WASHINGTON (Reuters) - The “fiscal cliff” impasse is raising the odds that Congress will fail to meet a year-end deadline to avert steep tax hikes and budget cuts that could push the nation into another recession.
With talks between President Barack Obama and House of Representatives Speaker John Boehner at an apparent standstill, analysts said on Friday that it was increasingly likely that Washington won’t be able to reach a deal before January 1.
“It’s time to contemplate a plunge off the cliff,” Potomac Research Group analyst Greg Valliere wrote in a research note.
Obama has insisted that any deal must raise taxes on the wealthiest 2 percent of U.S. households, an idea Boehner has resisted. The two sides also are far apart on the size and composition of spending cuts that would likely be part of a deal.
Little progress was expected on Friday with Boehner set to return to his congressional district in Ohio for the weekend.
Even if Boehner and Obama were to reach an agreement, they would need time to sell rank-and-file lawmakers on the compromises it would likely include.
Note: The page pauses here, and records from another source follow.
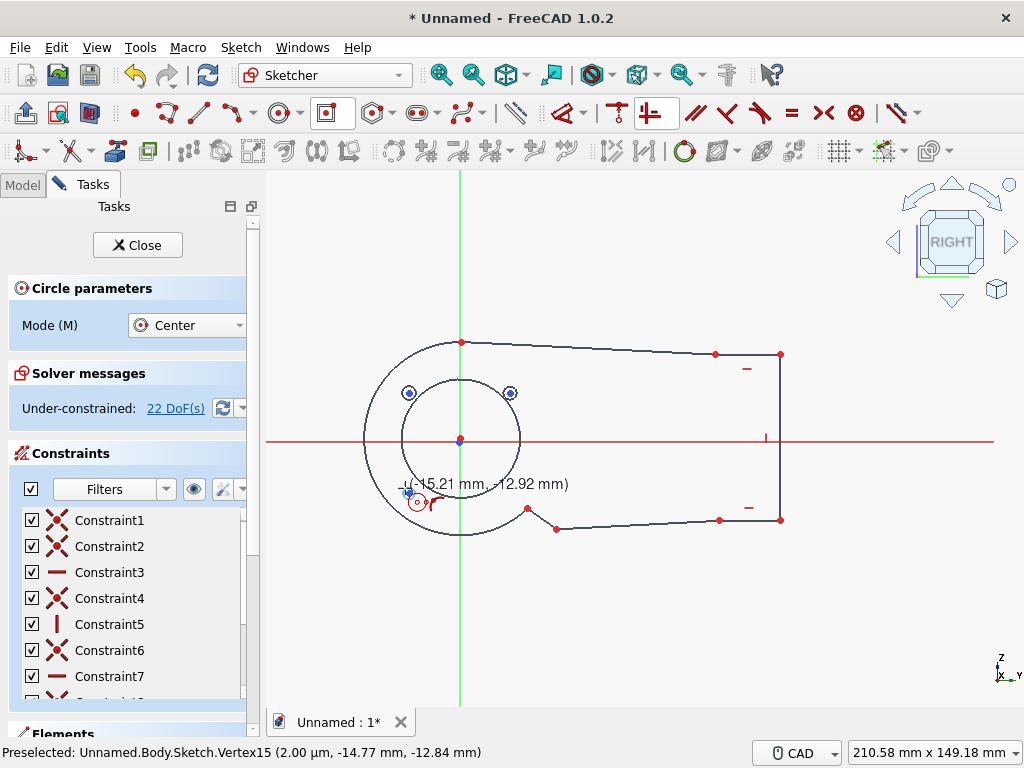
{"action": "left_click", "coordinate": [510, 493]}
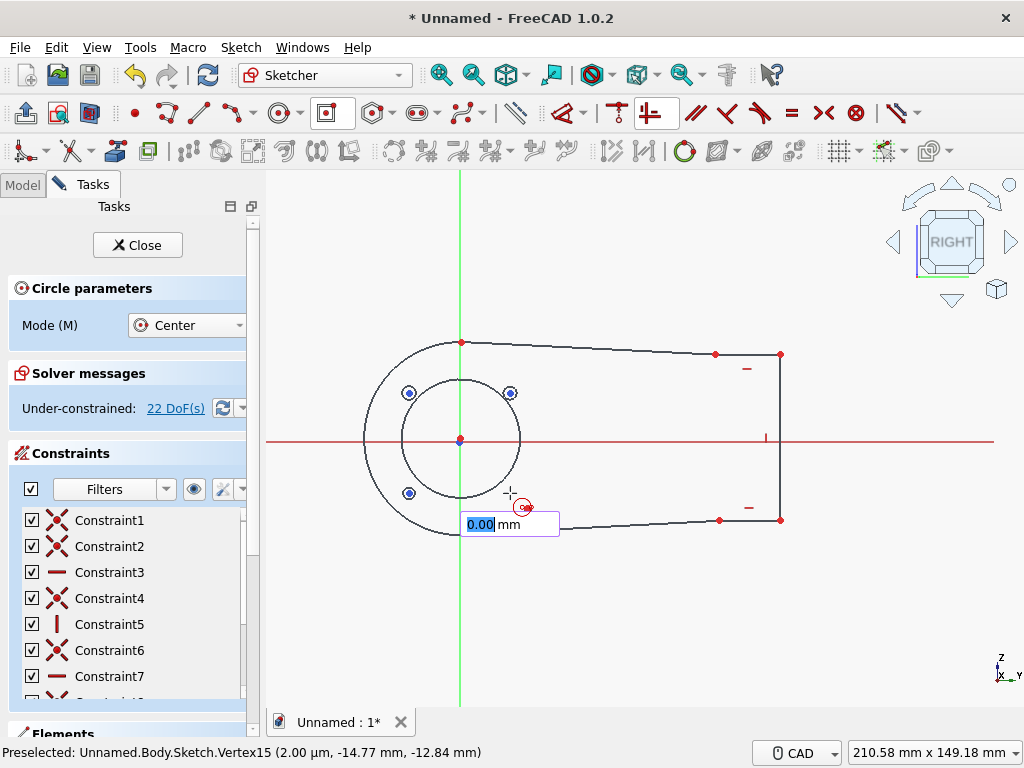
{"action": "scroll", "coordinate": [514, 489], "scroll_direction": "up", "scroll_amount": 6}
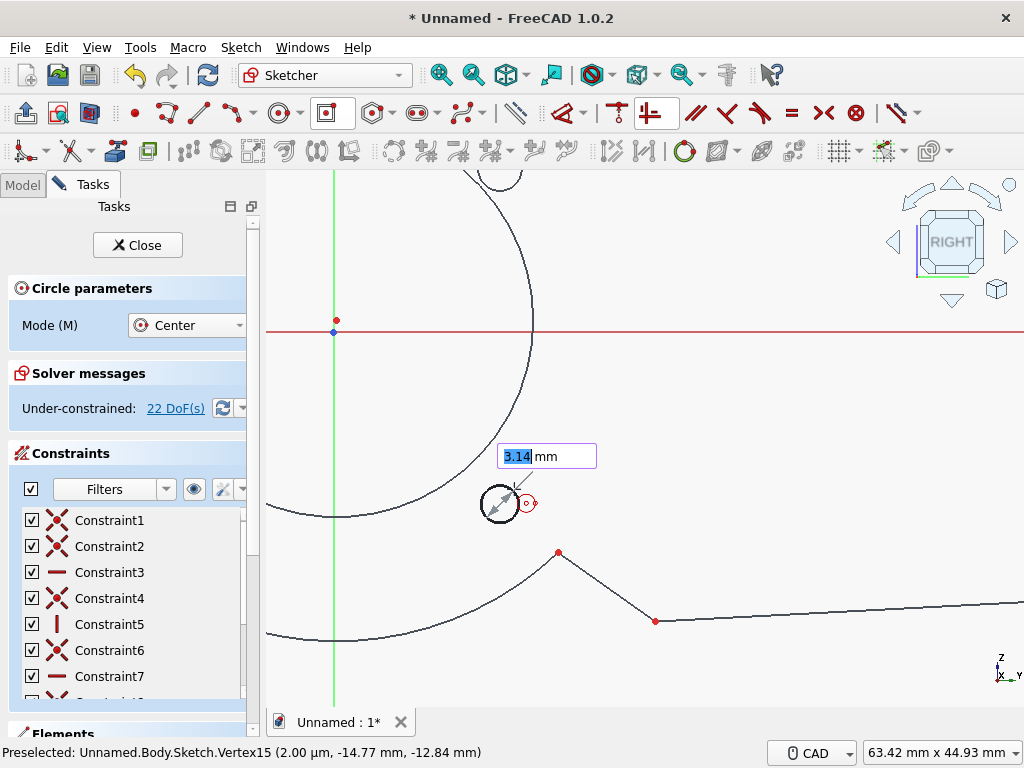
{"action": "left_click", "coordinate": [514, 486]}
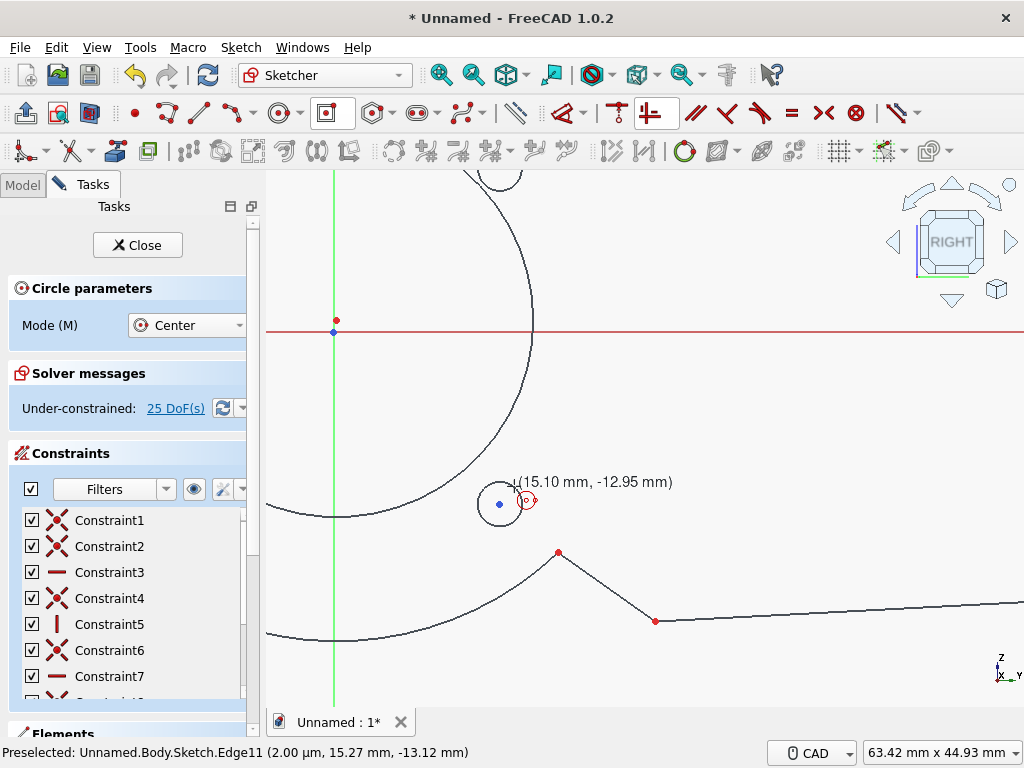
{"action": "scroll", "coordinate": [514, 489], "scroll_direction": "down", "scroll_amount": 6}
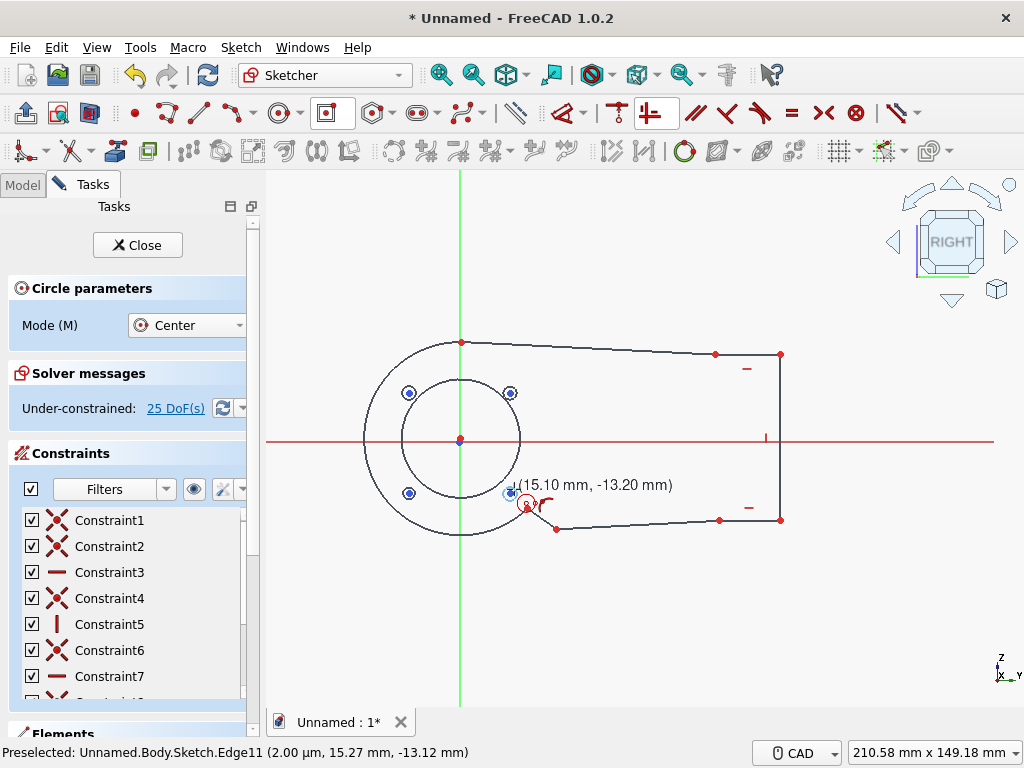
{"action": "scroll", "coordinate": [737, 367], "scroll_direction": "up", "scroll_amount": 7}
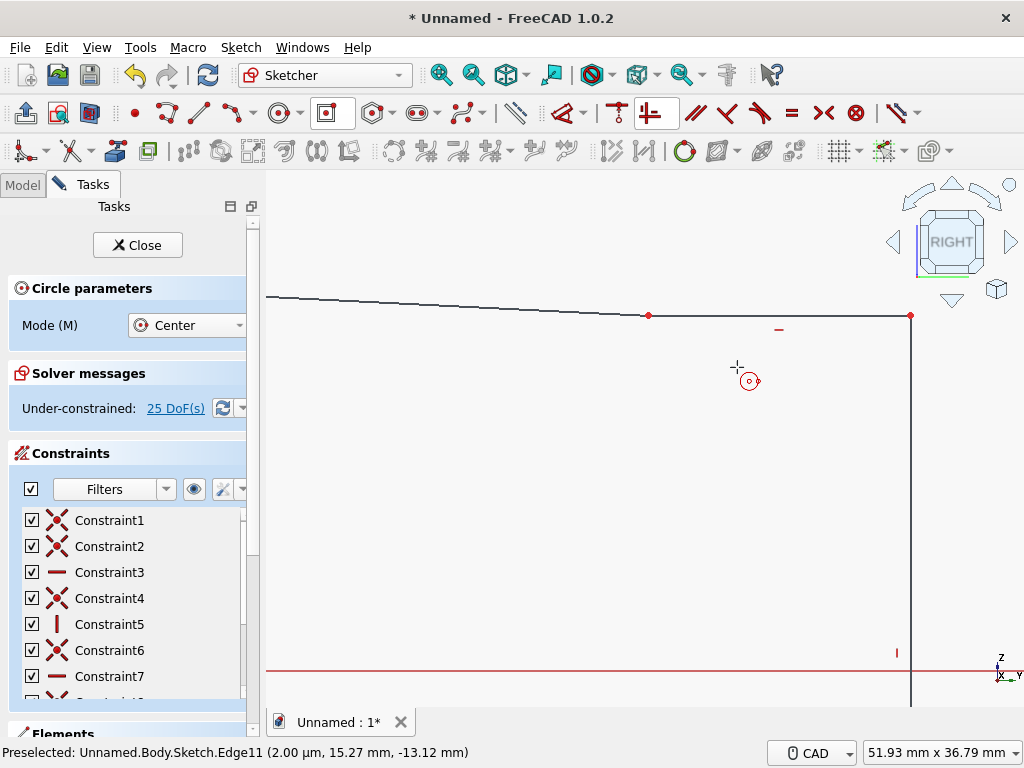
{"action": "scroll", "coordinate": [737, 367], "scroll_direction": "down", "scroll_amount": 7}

They also would need several days to draw up legislation and pass it in the House and the Senate.
Stan Collender, a budget expert with Qorvis Communications, sees a one-in-four chance of that happening at this point.
“It’s far more likely we’ll go over the cliff and then fix it retroactively in January,” he wrote.
If Washington does not act, tax rates are due to rise for all Americans at the beginning of next year and the federal government will have to cut spending on military and domestic programs across the board.
The resulting $600 billion hit could push the economy back into recession, but the full effect likely would not be felt for months - giving lawmakers some time after the New Year to resolve the situation.
Representative Steny Hoyer, the No. 2 Democrat in the House, said Congress could agree to keep current tax and spending rates in place for several weeks if negotiators reach a deal in principle by the end of the year but don’t have enough time to pass it into law.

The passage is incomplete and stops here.